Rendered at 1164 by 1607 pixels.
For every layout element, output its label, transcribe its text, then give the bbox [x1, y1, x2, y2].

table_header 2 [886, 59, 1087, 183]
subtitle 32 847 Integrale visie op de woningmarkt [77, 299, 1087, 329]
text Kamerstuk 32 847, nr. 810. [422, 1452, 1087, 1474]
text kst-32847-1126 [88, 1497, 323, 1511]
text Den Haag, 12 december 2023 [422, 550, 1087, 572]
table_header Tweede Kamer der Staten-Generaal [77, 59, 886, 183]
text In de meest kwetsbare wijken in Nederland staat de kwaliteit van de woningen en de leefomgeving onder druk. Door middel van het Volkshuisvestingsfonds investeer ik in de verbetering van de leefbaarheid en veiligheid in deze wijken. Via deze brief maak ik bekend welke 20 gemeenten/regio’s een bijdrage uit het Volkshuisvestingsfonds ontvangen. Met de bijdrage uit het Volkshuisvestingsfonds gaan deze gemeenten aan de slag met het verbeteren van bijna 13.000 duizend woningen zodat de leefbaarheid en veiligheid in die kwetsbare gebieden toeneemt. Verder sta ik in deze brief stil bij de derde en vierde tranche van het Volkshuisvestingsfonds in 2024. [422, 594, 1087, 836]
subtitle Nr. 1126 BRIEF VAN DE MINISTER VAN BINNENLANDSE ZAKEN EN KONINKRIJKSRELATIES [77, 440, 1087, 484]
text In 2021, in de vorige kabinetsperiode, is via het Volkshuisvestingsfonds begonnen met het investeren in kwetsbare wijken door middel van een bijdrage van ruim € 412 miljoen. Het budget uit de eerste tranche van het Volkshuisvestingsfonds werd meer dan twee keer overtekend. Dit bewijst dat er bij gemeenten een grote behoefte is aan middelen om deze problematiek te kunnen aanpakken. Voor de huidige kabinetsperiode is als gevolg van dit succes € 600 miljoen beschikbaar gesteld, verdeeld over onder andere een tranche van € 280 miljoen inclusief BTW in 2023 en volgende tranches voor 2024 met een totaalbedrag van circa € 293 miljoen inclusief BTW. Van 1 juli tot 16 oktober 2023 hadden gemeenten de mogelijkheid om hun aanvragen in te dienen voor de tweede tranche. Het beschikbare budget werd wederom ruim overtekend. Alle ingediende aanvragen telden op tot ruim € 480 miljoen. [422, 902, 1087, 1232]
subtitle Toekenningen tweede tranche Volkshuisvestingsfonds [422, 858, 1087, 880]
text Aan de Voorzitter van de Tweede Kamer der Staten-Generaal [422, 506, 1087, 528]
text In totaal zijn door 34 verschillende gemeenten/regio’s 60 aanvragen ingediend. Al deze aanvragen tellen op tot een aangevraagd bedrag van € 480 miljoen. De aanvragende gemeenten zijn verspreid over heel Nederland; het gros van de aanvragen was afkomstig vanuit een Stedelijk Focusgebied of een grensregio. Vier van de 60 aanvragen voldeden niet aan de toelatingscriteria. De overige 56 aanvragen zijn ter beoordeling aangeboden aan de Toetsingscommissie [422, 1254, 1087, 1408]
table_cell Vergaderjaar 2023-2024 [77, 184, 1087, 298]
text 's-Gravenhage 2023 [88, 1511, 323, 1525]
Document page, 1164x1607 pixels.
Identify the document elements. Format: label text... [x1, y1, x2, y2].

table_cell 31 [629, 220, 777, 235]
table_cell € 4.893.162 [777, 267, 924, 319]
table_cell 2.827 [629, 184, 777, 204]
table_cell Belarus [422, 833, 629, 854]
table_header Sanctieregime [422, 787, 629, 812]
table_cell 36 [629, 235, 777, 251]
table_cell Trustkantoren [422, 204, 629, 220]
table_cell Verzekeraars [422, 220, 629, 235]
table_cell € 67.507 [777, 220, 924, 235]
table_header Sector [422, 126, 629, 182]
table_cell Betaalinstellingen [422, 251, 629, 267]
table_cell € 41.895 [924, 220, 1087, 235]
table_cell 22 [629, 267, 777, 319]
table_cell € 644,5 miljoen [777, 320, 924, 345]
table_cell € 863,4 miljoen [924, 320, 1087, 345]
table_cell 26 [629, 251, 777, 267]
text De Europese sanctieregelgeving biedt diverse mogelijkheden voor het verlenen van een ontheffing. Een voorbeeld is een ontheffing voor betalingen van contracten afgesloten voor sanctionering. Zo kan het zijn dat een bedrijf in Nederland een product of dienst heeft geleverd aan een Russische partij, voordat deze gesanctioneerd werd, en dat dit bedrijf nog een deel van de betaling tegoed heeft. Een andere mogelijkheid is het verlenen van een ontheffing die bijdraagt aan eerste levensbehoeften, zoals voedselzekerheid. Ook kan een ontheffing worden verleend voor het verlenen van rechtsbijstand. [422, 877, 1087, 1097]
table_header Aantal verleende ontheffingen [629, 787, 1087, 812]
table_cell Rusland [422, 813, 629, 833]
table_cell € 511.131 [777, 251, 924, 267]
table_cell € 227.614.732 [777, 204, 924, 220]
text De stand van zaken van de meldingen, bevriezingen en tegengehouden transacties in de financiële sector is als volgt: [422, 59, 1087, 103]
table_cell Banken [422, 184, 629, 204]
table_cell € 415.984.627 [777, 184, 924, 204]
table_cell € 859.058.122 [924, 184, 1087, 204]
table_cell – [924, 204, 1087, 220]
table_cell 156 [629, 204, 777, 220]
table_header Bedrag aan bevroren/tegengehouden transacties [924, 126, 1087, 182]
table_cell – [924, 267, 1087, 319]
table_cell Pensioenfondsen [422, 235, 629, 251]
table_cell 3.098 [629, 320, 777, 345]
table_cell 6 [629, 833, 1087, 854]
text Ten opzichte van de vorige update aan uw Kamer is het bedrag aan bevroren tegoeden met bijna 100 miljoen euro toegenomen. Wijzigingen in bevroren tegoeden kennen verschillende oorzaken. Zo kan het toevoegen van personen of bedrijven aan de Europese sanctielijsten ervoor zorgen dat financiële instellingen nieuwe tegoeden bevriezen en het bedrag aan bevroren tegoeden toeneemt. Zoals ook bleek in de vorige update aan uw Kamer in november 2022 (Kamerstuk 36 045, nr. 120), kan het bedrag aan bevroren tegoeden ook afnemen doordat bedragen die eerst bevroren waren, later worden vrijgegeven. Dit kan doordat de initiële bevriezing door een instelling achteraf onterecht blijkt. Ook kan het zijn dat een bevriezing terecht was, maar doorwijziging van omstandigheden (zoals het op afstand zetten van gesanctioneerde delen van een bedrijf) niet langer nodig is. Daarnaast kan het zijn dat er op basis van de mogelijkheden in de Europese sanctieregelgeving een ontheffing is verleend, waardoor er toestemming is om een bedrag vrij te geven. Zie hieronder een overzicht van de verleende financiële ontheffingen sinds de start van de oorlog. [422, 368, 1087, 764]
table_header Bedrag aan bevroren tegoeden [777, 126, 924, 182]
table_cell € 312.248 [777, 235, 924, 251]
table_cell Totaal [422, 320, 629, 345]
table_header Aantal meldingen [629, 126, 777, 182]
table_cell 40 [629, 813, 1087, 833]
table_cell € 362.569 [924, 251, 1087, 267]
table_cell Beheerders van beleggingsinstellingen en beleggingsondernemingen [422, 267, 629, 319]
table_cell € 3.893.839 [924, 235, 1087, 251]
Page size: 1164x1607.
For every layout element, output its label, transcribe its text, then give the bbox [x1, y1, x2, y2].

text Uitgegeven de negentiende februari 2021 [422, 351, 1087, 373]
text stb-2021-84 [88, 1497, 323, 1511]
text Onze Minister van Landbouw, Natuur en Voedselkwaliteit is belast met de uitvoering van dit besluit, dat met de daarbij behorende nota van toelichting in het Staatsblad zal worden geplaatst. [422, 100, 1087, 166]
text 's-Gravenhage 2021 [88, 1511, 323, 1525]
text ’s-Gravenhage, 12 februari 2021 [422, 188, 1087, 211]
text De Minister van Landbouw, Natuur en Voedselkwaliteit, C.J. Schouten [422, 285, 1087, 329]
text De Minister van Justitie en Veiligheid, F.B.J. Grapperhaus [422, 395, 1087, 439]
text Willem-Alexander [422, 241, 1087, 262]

● ● ● ● ●

→ Exercise requirements
Set down precisely the lines above between the line holding "table_cell 2.827 [629, 184, 777, 204]" and the line holding "table_cell 6 [629, 833, 1087, 854]", inclusive, and nothing beyond them.

→ Result
table_cell 2.827 [629, 184, 777, 204]
table_cell Belarus [422, 833, 629, 854]
table_header Sanctieregime [422, 787, 629, 812]
table_cell 36 [629, 235, 777, 251]
table_cell Trustkantoren [422, 204, 629, 220]
table_cell Verzekeraars [422, 220, 629, 235]
table_cell € 67.507 [777, 220, 924, 235]
table_header Sector [422, 126, 629, 182]
table_cell Betaalinstellingen [422, 251, 629, 267]
table_cell € 41.895 [924, 220, 1087, 235]
table_cell 22 [629, 267, 777, 319]
table_cell € 644,5 miljoen [777, 320, 924, 345]
table_cell € 863,4 miljoen [924, 320, 1087, 345]
table_cell 26 [629, 251, 777, 267]
text De Europese sanctieregelgeving biedt diverse mogelijkheden voor het verlenen van een ontheffing. Een voorbeeld is een ontheffing voor betalingen van contracten afgesloten voor sanctionering. Zo kan het zijn dat een bedrijf in Nederland een product of dienst heeft geleverd aan een Russische partij, voordat deze gesanctioneerd werd, en dat dit bedrijf nog een deel van de betaling tegoed heeft. Een andere mogelijkheid is het verlenen van een ontheffing die bijdraagt aan eerste levensbehoeften, zoals voedselzekerheid. Ook kan een ontheffing worden verleend voor het verlenen van rechtsbijstand. [422, 877, 1087, 1097]
table_header Aantal verleende ontheffingen [629, 787, 1087, 812]
table_cell Rusland [422, 813, 629, 833]
table_cell € 511.131 [777, 251, 924, 267]
table_cell € 227.614.732 [777, 204, 924, 220]
text De stand van zaken van de meldingen, bevriezingen en tegengehouden transacties in de financiële sector is als volgt: [422, 59, 1087, 103]
table_cell Banken [422, 184, 629, 204]
table_cell € 415.984.627 [777, 184, 924, 204]
table_cell € 859.058.122 [924, 184, 1087, 204]
table_cell – [924, 204, 1087, 220]
table_cell 156 [629, 204, 777, 220]
table_header Bedrag aan bevroren/tegengehouden transacties [924, 126, 1087, 182]
table_cell – [924, 267, 1087, 319]
table_cell Pensioenfondsen [422, 235, 629, 251]
table_cell 3.098 [629, 320, 777, 345]
table_cell 6 [629, 833, 1087, 854]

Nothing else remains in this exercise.